[Stored items]
•••••

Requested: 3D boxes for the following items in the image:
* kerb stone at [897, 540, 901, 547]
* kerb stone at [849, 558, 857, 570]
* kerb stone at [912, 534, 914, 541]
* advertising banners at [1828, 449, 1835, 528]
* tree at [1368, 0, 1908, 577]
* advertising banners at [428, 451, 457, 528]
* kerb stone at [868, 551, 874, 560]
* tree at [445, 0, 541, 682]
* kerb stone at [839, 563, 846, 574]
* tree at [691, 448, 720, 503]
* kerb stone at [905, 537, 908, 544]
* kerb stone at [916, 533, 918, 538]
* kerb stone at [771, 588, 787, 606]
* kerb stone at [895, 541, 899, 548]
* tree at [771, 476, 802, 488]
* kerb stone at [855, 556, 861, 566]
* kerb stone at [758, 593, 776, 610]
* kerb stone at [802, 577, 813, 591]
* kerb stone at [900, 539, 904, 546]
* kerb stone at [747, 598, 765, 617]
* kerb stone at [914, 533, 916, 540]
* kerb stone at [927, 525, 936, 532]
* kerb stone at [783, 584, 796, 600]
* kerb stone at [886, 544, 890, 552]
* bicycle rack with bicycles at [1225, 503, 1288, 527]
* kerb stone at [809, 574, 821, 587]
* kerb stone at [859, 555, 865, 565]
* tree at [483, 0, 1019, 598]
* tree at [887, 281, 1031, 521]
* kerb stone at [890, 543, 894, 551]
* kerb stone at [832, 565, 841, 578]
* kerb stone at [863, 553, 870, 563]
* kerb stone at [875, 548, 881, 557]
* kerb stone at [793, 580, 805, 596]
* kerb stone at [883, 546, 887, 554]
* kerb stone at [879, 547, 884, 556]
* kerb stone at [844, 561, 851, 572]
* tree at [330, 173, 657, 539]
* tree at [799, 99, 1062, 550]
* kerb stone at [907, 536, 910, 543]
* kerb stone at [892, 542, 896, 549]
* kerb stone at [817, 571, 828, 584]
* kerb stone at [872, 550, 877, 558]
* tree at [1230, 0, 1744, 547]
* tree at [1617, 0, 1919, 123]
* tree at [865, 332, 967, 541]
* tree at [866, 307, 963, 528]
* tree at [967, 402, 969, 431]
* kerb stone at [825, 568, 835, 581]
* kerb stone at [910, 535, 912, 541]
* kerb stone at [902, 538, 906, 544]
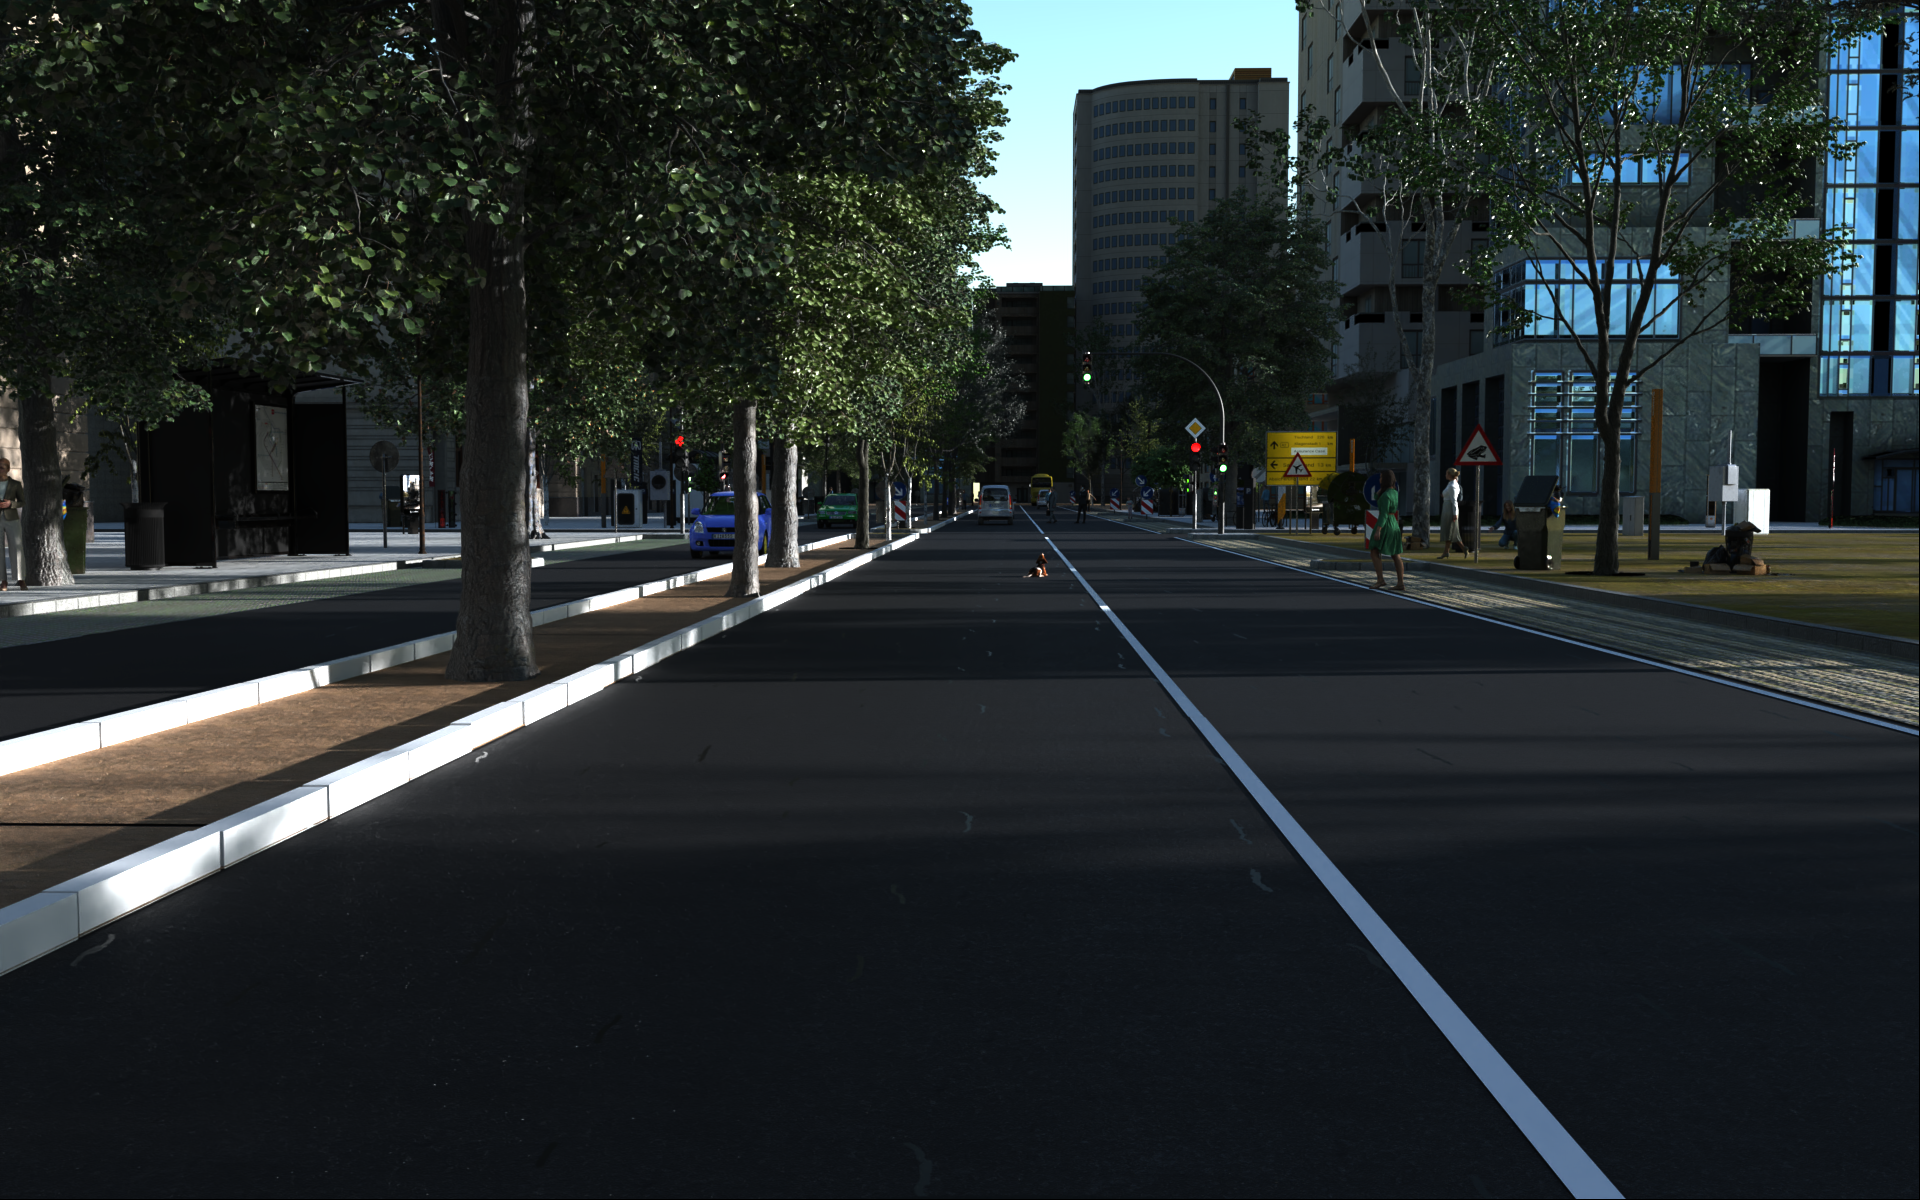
[{"bbox_3d":[-1.725,-1.460,46.074,0.120,0.150,1.000,0,4,2],"label":"kerb stone"},{"bbox_3d":[-2.106,-0.645,32.740,0.120,0.150,1.000,0,4,2],"label":"kerb stone"},{"bbox_3d":[-1.542,-1.836,52.214,0.120,0.150,1.000,0,4,2],"label":"kerb stone"},{"bbox_3d":[32.876,-4.226,65.278,0.090,3.025,2.074,2,4,29],"label":"advertising banners"},{"bbox_3d":[10.187,-6.183,26.853,9.928,11.665,9.643,0,3,0],"label":"tree"},{"bbox_3d":[-19.514,-4.222,65.214,0.090,3.025,2.074,1,4,12],"label":"advertising banners"},{"bbox_3d":[-1.989,-0.896,36.847,0.120,0.150,1.000,0,4,2],"label":"kerb stone"},{"bbox_3d":[-3.636,-6.362,13.125,9.857,13.997,8.962,0,3,0],"label":"tree"},{"bbox_3d":[-2.168,-0.515,30.695,0.120,0.150,1.000,0,4,2],"label":"kerb stone"},{"bbox_3d":[-10.697,-4.824,73.469,1.663,3.219,1.824,0,3,0],"label":"tree"},{"bbox_3d":[-1.638,-1.648,49.145,0.120,0.150,1.000,0,4,2],"label":"kerb stone"},{"bbox_3d":[-1.484,-1.961,54.265,0.120,0.150,1.000,0,4,2],"label":"kerb stone"},{"bbox_3d":[-2.410,-0.014,22.492,0.120,0.150,1.000,0,4,2],"label":"kerb stone"},{"bbox_3d":[-1.755,-1.394,45.048,0.120,0.150,1.000,0,4,2],"label":"kerb stone"},{"bbox_3d":[-9.984,-6.436,99.823,1.663,3.219,1.824,0,3,0],"label":"tree"},{"bbox_3d":[-2.082,-0.707,33.762,0.120,0.150,1.000,0,4,2],"label":"kerb stone"},{"bbox_3d":[-2.440,0.045,21.465,0.120,0.150,1.000,0,4,2],"label":"kerb stone"},{"bbox_3d":[-2.327,-0.207,25.583,0.120,0.150,1.000,0,4,2],"label":"kerb stone"},{"bbox_3d":[-1.691,-1.523,47.097,0.120,0.150,1.000,0,4,2],"label":"kerb stone"},{"bbox_3d":[-2.468,0.108,20.443,0.120,0.150,1.000,0,4,2],"label":"kerb stone"},{"bbox_3d":[-1.511,-1.898,53.236,0.120,0.150,1.000,0,4,2],"label":"kerb stone"},{"bbox_3d":[-1.115,-2.745,67.080,0.120,0.150,1.000,0,4,2],"label":"kerb stone"},{"bbox_3d":[-2.380,-0.079,23.522,0.120,0.150,1.000,0,4,2],"label":"kerb stone"},{"bbox_3d":[-1.842,-1.209,41.965,0.120,0.150,1.000,0,4,2],"label":"kerb stone"},{"bbox_3d":[11.919,-3.371,68.494,2.852,0.926,2.925,3,4,36],"label":"bicycle rack with bicycles"},{"bbox_3d":[-2.294,-0.270,26.605,0.120,0.150,1.000,0,4,2],"label":"kerb stone"},{"bbox_3d":[-2.055,-0.771,34.794,0.120,0.150,1.000,0,4,2],"label":"kerb stone"},{"bbox_3d":[-3.076,-6.331,24.090,7.486,12.596,7.792,0,3,0],"label":"tree"},{"bbox_3d":[-1.262,-10.981,92.374,12.009,13.543,11.850,0,3,0],"label":"tree"},{"bbox_3d":[-1.806,-1.270,42.994,0.120,0.150,1.000,0,4,2],"label":"kerb stone"},{"bbox_3d":[-2.197,-0.457,29.670,0.120,0.150,1.000,0,4,2],"label":"kerb stone"},{"bbox_3d":[-2.024,-0.834,35.825,0.120,0.150,1.000,0,4,2],"label":"kerb stone"},{"bbox_3d":[-1.938,-1.015,38.890,0.120,0.150,1.000,0,4,2],"label":"kerb stone"},{"bbox_3d":[-2.347,-0.143,24.554,0.120,0.150,1.000,0,4,2],"label":"kerb stone"},{"bbox_3d":[-1.870,-1.147,40.944,0.120,0.150,1.000,0,4,2],"label":"kerb stone"},{"bbox_3d":[-1.901,-1.084,39.923,0.120,0.150,1.000,0,4,2],"label":"kerb stone"},{"bbox_3d":[-2.141,-0.582,31.716,0.120,0.150,1.000,0,4,2],"label":"kerb stone"},{"bbox_3d":[-12.302,-8.080,49.123,9.611,12.733,9.660,0,3,0],"label":"tree"},{"bbox_3d":[-2.425,-7.103,44.342,9.928,11.665,9.643,0,3,0],"label":"tree"},{"bbox_3d":[-1.607,-1.711,50.166,0.120,0.150,1.000,0,4,2],"label":"kerb stone"},{"bbox_3d":[-1.781,-1.335,44.025,0.120,0.150,1.000,0,4,2],"label":"kerb stone"},{"bbox_3d":[-2.256,-0.332,27.627,0.120,0.150,1.000,0,4,2],"label":"kerb stone"},{"bbox_3d":[-1.965,-0.958,37.869,0.120,0.150,1.000,0,4,2],"label":"kerb stone"},{"bbox_3d":[12.382,-11.383,41.998,12.611,20.169,13.585,0,3,0],"label":"tree"},{"bbox_3d":[9.857,-6.333,13.913,12.009,13.543,11.850,0,3,0],"label":"tree"},{"bbox_3d":[-2.123,-6.057,51.847,4.737,8.622,4.395,0,3,0],"label":"tree"},{"bbox_3d":[-1.915,-6.838,64.625,4.360,8.622,3.978,0,3,0],"label":"tree"},{"bbox_3d":[-1.586,-7.842,81.042,4.737,8.622,4.395,0,3,0],"label":"tree"},{"bbox_3d":[-2.222,-0.395,28.649,0.120,0.150,1.000,0,4,2],"label":"kerb stone"},{"bbox_3d":[-1.581,-1.766,51.188,0.120,0.150,1.000,0,4,2],"label":"kerb stone"},{"bbox_3d":[-1.665,-1.586,48.120,0.120,0.150,1.000,0,4,2],"label":"kerb stone"}]

•••••

What you need to do: Going back to the entries above, set down exactly the lines that begin at the one with "558, 857, 570]" and end at the one with "565, 841, 578]", both included, and nothing else.

Written solution:
* kerb stone at [849, 558, 857, 570]
* kerb stone at [912, 534, 914, 541]
* advertising banners at [1828, 449, 1835, 528]
* tree at [1368, 0, 1908, 577]
* advertising banners at [428, 451, 457, 528]
* kerb stone at [868, 551, 874, 560]
* tree at [445, 0, 541, 682]
* kerb stone at [839, 563, 846, 574]
* tree at [691, 448, 720, 503]
* kerb stone at [905, 537, 908, 544]
* kerb stone at [916, 533, 918, 538]
* kerb stone at [771, 588, 787, 606]
* kerb stone at [895, 541, 899, 548]
* tree at [771, 476, 802, 488]
* kerb stone at [855, 556, 861, 566]
* kerb stone at [758, 593, 776, 610]
* kerb stone at [802, 577, 813, 591]
* kerb stone at [900, 539, 904, 546]
* kerb stone at [747, 598, 765, 617]
* kerb stone at [914, 533, 916, 540]
* kerb stone at [927, 525, 936, 532]
* kerb stone at [783, 584, 796, 600]
* kerb stone at [886, 544, 890, 552]
* bicycle rack with bicycles at [1225, 503, 1288, 527]
* kerb stone at [809, 574, 821, 587]
* kerb stone at [859, 555, 865, 565]
* tree at [483, 0, 1019, 598]
* tree at [887, 281, 1031, 521]
* kerb stone at [890, 543, 894, 551]
* kerb stone at [832, 565, 841, 578]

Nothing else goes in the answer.